=== Records provided ===
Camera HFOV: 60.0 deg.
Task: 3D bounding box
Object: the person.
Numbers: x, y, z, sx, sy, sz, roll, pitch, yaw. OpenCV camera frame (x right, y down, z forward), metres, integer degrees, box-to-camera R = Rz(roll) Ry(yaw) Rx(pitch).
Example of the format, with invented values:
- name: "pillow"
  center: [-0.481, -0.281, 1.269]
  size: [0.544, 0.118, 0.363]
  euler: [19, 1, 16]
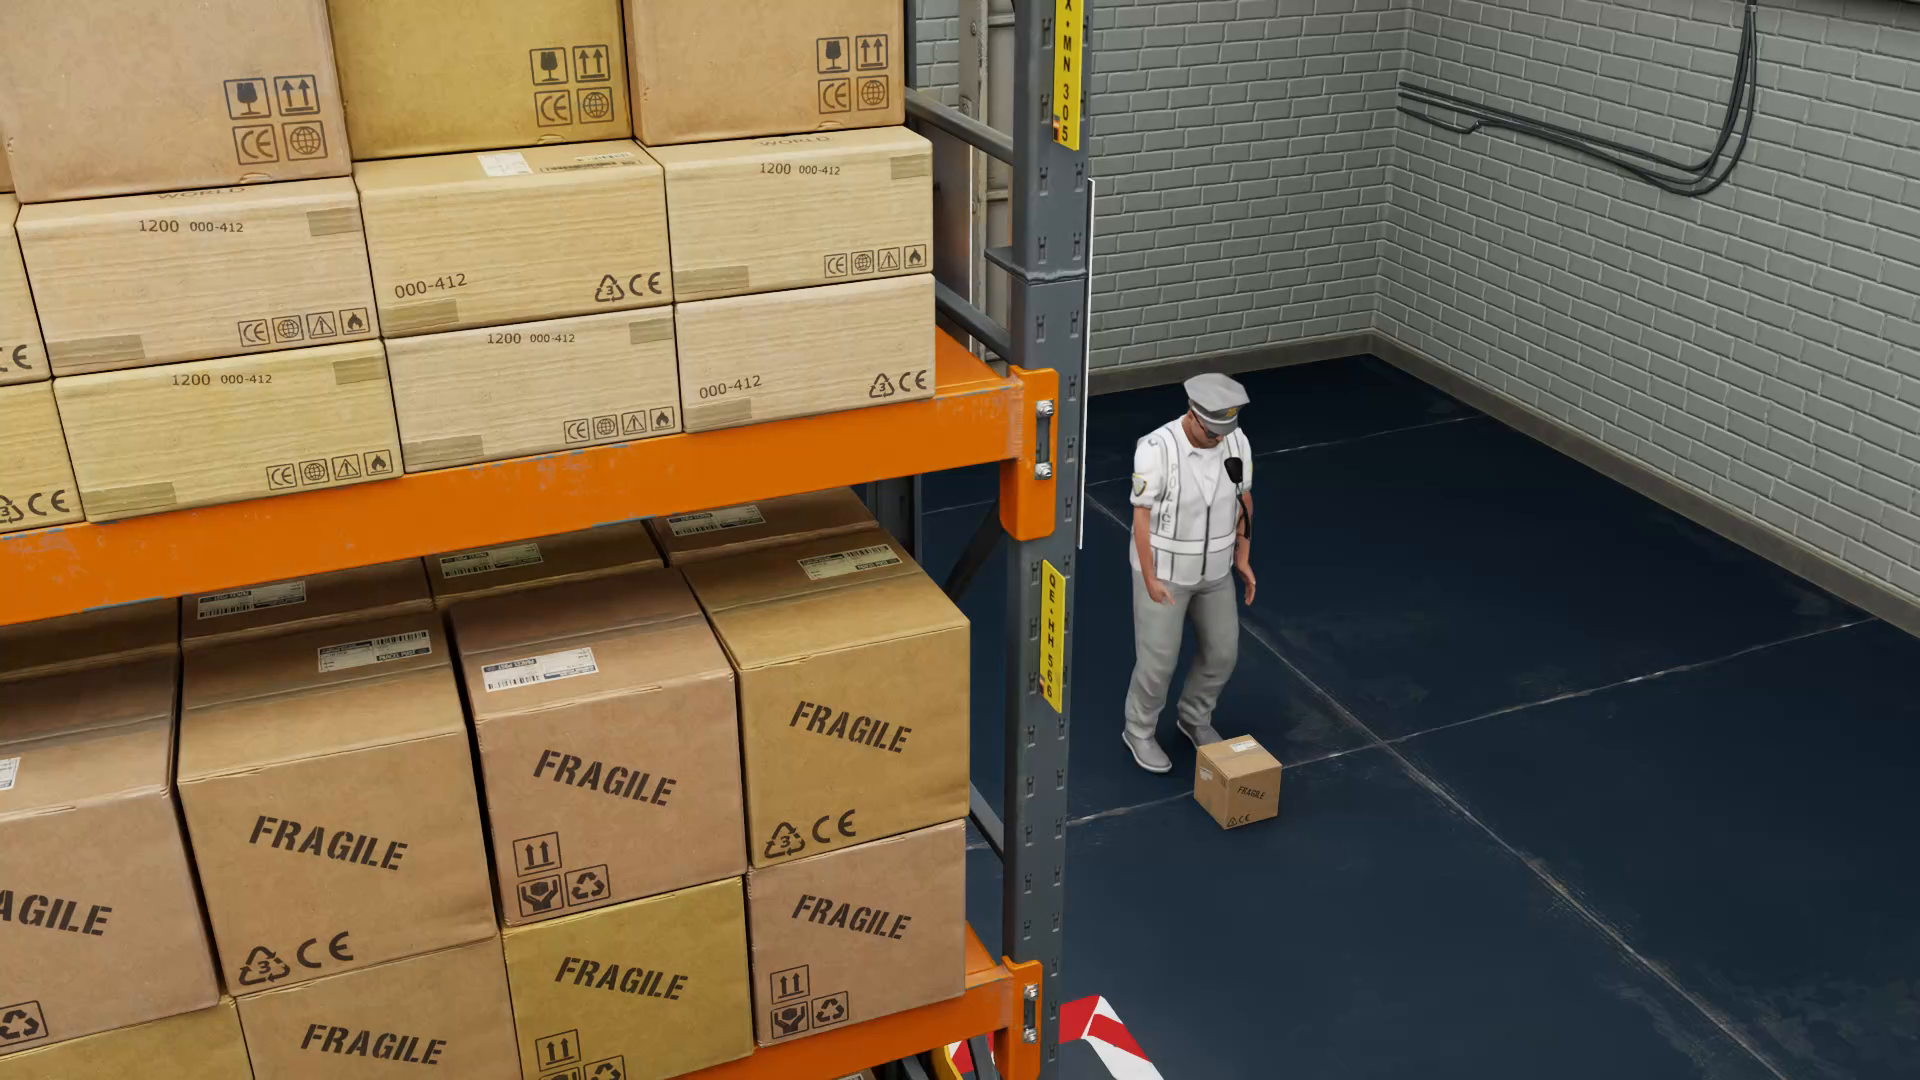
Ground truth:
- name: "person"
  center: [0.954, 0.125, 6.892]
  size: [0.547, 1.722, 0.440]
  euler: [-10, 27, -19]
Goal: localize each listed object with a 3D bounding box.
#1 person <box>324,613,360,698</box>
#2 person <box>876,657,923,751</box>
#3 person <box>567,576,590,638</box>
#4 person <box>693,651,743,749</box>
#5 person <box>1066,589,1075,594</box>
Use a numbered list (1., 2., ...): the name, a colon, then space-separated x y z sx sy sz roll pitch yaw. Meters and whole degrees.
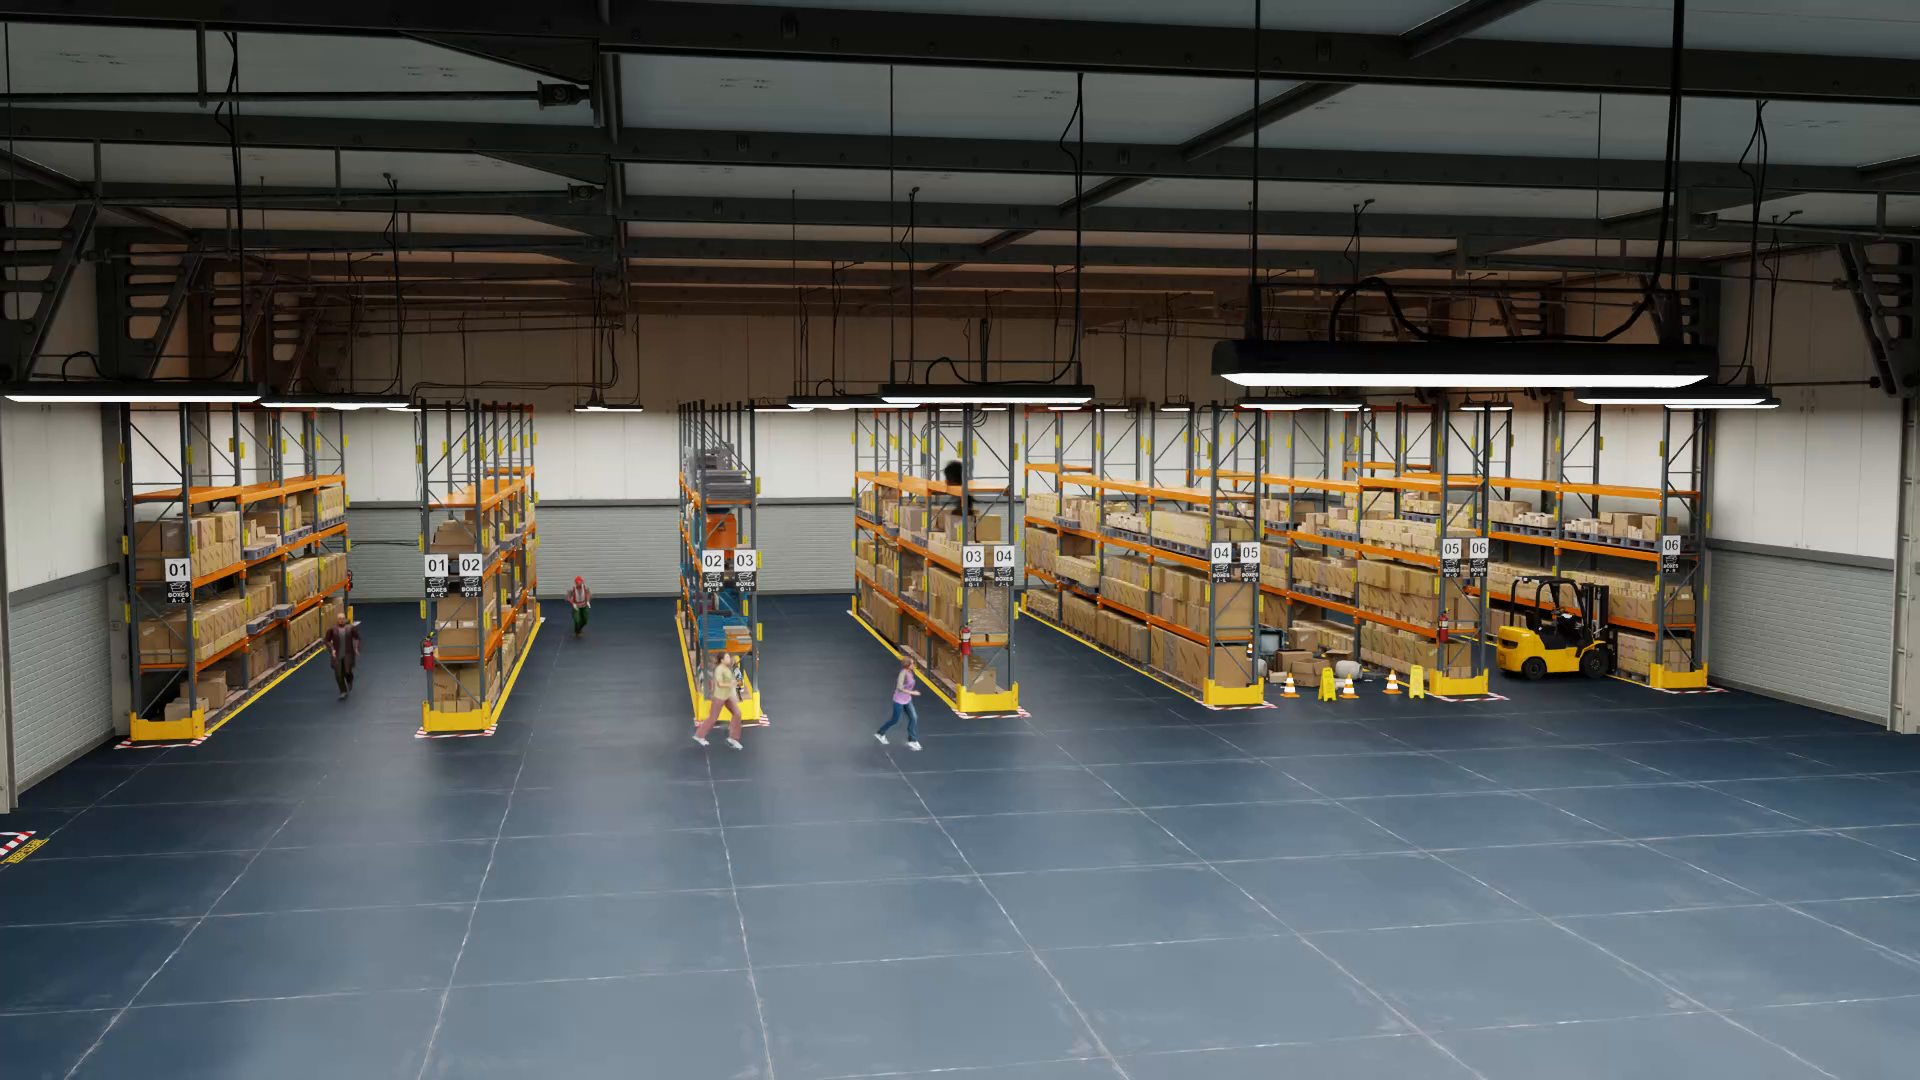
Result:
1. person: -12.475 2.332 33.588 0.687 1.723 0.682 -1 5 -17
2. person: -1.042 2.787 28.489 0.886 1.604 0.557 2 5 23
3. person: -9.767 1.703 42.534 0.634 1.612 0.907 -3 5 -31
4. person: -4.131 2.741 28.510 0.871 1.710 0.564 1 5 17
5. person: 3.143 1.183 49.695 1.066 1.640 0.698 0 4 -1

=== Exercise ===
Among the records, find every line holding the word "bounding" and copy it.

=== Written answer ===
Task: 3D bounding box
Goal: localize each listed object with a 3D bounding box.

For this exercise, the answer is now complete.